Japan, Chinese defense ministers to meet next year

(AP)
Updated: 2006-11-30 11:29

China and Japan on Wednesday agreed to hold talks between their defense chiefs in Tokyo next year, ending a three-year hiatus, officials said.

Beijing is preparing for National Defense Minister Cao Gangchuan to meet his Japanese counterpart Fumio Kyuma sometime next year in Tokyo, according to Japanese defense official Hidehiro Ikematsu.

The two countries have not held ministerial-level defense talks since 2003 amid strained diplomatic relations under former Japanese Prime Minister Junichiro Koizumi, whose repeated visits to a war shrine that honors Japan's war dead angered China.

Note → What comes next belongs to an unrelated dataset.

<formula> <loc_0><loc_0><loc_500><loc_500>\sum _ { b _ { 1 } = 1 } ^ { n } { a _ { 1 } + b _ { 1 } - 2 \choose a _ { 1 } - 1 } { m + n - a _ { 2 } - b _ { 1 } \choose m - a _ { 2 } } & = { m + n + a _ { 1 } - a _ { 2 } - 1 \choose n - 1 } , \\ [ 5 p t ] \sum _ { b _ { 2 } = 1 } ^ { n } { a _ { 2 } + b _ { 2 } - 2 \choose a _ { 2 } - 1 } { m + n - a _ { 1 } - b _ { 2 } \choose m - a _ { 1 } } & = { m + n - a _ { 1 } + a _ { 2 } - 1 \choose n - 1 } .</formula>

But Koizumi's successor, Shinzo Abe, has made strengthening Tokyo's ties with its Asian neighbors a priority. During a fence-mending trip to Beijing last month, Abe agreed with Chinese President Hu Jintao to boost mutual trust in the area of security.

Earlier Wednesday, Abe told reporters that Tokyo welcomed discussions with its neighbor.

"We need to build relations of mutual trust in a variety of areas to achieve new heights in strategically reciprocal relations. I think having discussions related to security matters in particular is extremely significant," Abe said.

Wednesday's talks took place between Japanese Defense Agency Vice Minister Takemasa Moriya and a visiting senior officer of the People's Liberation Army, according to Ikematsu.

The officials also discussed starting reciprocal port calls by vessels of the Japanese Maritime Self-Defense Force and the Chinese Navy, Ikematsu said.

Though Japan and China are linked by billions of dollars (euros) in trade, repairing relations will be an uphill task amid a spate of disputes over territory, undersea gas and oil deposits, and Koizumi's a war shrine criticized for its strong links to past Japanese militarism.

Beijing, which suffered under Japanese military aggression in the last century, was especially irked by Koizumi's visits and refused to meet the leader during his last years in office.

Meanwhile, Japan's Defense Agency lists China's military expansion as a top security concern in the region. Chinese defense spending has jumped by double-digit percentages since the early 1990s, and Foreign Minister Taro Aso has repeatedly called China a threat _ drawing angry protests from Beijing.